Sibyle Veil (born 26 September 1977) is a French telecommunications and media executive. She is the chief executive officer of Radio France.

==Early life==

Sibyle Petitjean was born on 26 September 1977, in Langres. Her father is an engineer and her mother is a psychologist. She spent a large part of her youth in Dijon. In 2006, she married Sébastien Veil, grandson of Simone Veil.
She is a graduate of Sciences Po Paris, holds a DEA in political science and is a former student of the National School of Administration of the promotion "Léopold Sédar Senghor" (2004). One of the first in the ENA competition, she chose to join the Council of State.

==Career==

During the 2007 presidential campaign, she joined forces with Nicolas Sarkozy and participated in his reflection on societal subjects such as the environment, health, family policy and the status of women.

In 2010, she was a member of the management committee of the Assistance Publique - Hôpitaux de Paris (AP-HP) establishment, director of transformation, she led strategic thinking and organized the deployment of transformation programs in hôpitaux.

Present at Radio France since 2015 as deputy director in charge of operations and finance, she became its president and chief executive officer in April 2018, appointed by the CSA (French Media Regulatory Authority). She was reappointed for a second term in December 2022.

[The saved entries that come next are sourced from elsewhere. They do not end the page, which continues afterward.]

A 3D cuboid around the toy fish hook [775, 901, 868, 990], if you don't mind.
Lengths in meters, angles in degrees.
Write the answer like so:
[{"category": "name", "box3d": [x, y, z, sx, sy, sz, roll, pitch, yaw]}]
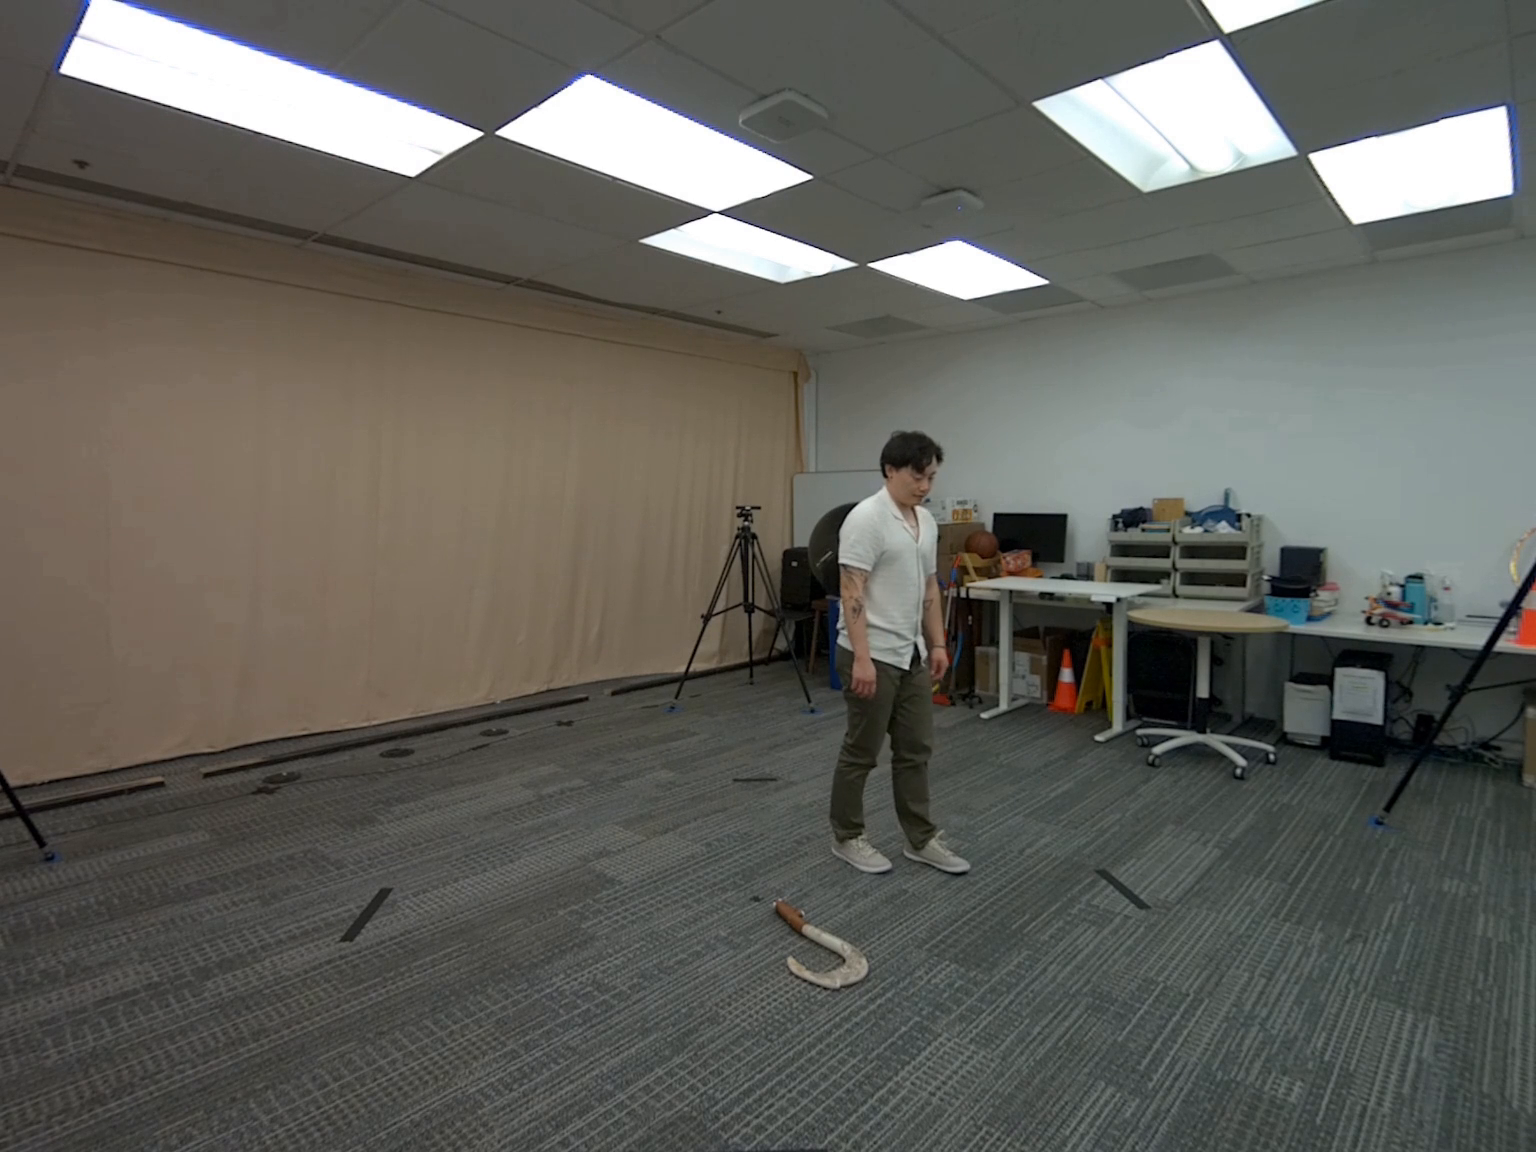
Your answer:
[{"category": "toy fish hook", "box3d": [0.116, 1.150, 2.651, 0.219, 0.048, 0.521, -2, 4, -29]}]

In a February 2025 op-ed in Le Figaro, Sibyle Veil criticizes unlimited freedom of speech as a tool of American imperialist influence, used to destabilize European democracies. Sybile Veil openly opposes U.S. President Donald Trump, Vice President J.D. Vance, and billionaire entrepreneur Elon Musk on the issue, advocating instead for strict speech regulation from European and French institutions and lawmakers.